■ Assignment
Only the text belongs in the copy: repeat each record exactly, without pictures.

Records from a dataset:
○ ○ ○ ○ ○
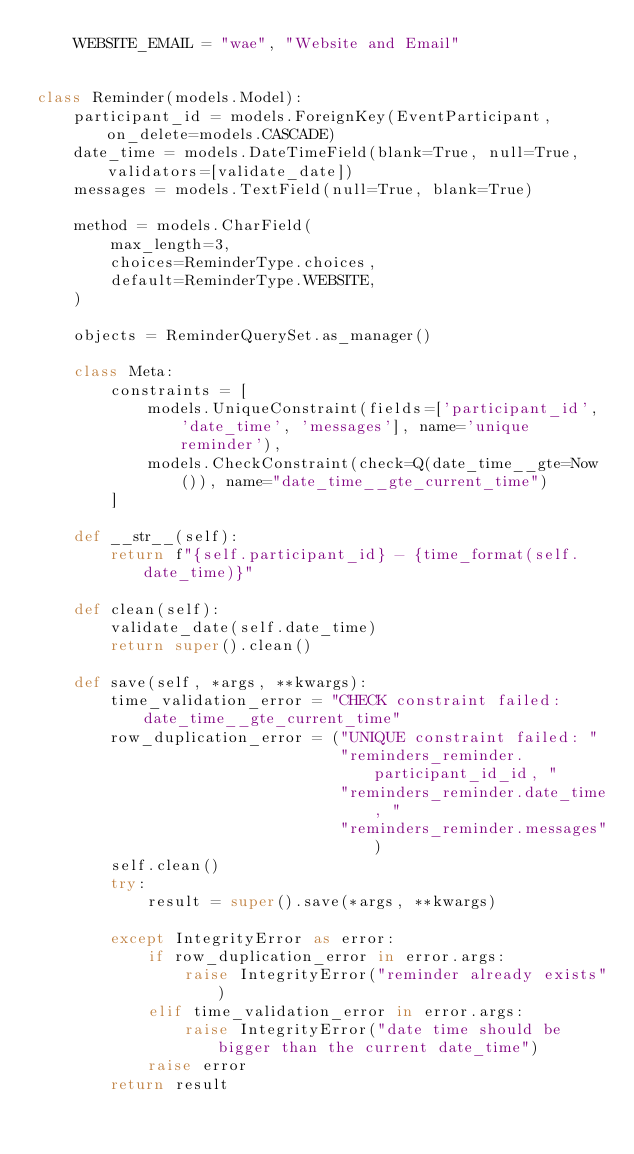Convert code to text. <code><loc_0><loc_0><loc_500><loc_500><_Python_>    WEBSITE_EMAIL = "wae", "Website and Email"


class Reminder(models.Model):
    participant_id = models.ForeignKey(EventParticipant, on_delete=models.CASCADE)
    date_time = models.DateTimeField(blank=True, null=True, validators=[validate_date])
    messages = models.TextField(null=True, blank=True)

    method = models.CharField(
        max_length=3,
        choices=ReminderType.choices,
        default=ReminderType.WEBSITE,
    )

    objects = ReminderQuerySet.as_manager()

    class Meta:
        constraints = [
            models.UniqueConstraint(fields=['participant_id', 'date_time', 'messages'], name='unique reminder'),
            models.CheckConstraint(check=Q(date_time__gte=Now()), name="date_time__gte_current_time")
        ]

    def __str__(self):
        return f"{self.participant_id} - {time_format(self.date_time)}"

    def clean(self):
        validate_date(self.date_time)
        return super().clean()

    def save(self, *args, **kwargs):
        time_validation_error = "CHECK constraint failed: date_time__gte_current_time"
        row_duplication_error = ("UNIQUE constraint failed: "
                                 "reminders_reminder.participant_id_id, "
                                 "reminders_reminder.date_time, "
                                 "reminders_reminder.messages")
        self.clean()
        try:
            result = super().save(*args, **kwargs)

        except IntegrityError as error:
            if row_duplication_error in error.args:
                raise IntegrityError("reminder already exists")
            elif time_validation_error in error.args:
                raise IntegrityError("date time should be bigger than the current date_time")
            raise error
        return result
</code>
○ ○ ○ ○ ○
■ Answer for the task
Convert code to text. <code><loc_0><loc_0><loc_500><loc_500><_Python_>    WEBSITE_EMAIL = "wae", "Website and Email"


class Reminder(models.Model):
    participant_id = models.ForeignKey(EventParticipant, on_delete=models.CASCADE)
    date_time = models.DateTimeField(blank=True, null=True, validators=[validate_date])
    messages = models.TextField(null=True, blank=True)

    method = models.CharField(
        max_length=3,
        choices=ReminderType.choices,
        default=ReminderType.WEBSITE,
    )

    objects = ReminderQuerySet.as_manager()

    class Meta:
        constraints = [
            models.UniqueConstraint(fields=['participant_id', 'date_time', 'messages'], name='unique reminder'),
            models.CheckConstraint(check=Q(date_time__gte=Now()), name="date_time__gte_current_time")
        ]

    def __str__(self):
        return f"{self.participant_id} - {time_format(self.date_time)}"

    def clean(self):
        validate_date(self.date_time)
        return super().clean()

    def save(self, *args, **kwargs):
        time_validation_error = "CHECK constraint failed: date_time__gte_current_time"
        row_duplication_error = ("UNIQUE constraint failed: "
                                 "reminders_reminder.participant_id_id, "
                                 "reminders_reminder.date_time, "
                                 "reminders_reminder.messages")
        self.clean()
        try:
            result = super().save(*args, **kwargs)

        except IntegrityError as error:
            if row_duplication_error in error.args:
                raise IntegrityError("reminder already exists")
            elif time_validation_error in error.args:
                raise IntegrityError("date time should be bigger than the current date_time")
            raise error
        return result
</code>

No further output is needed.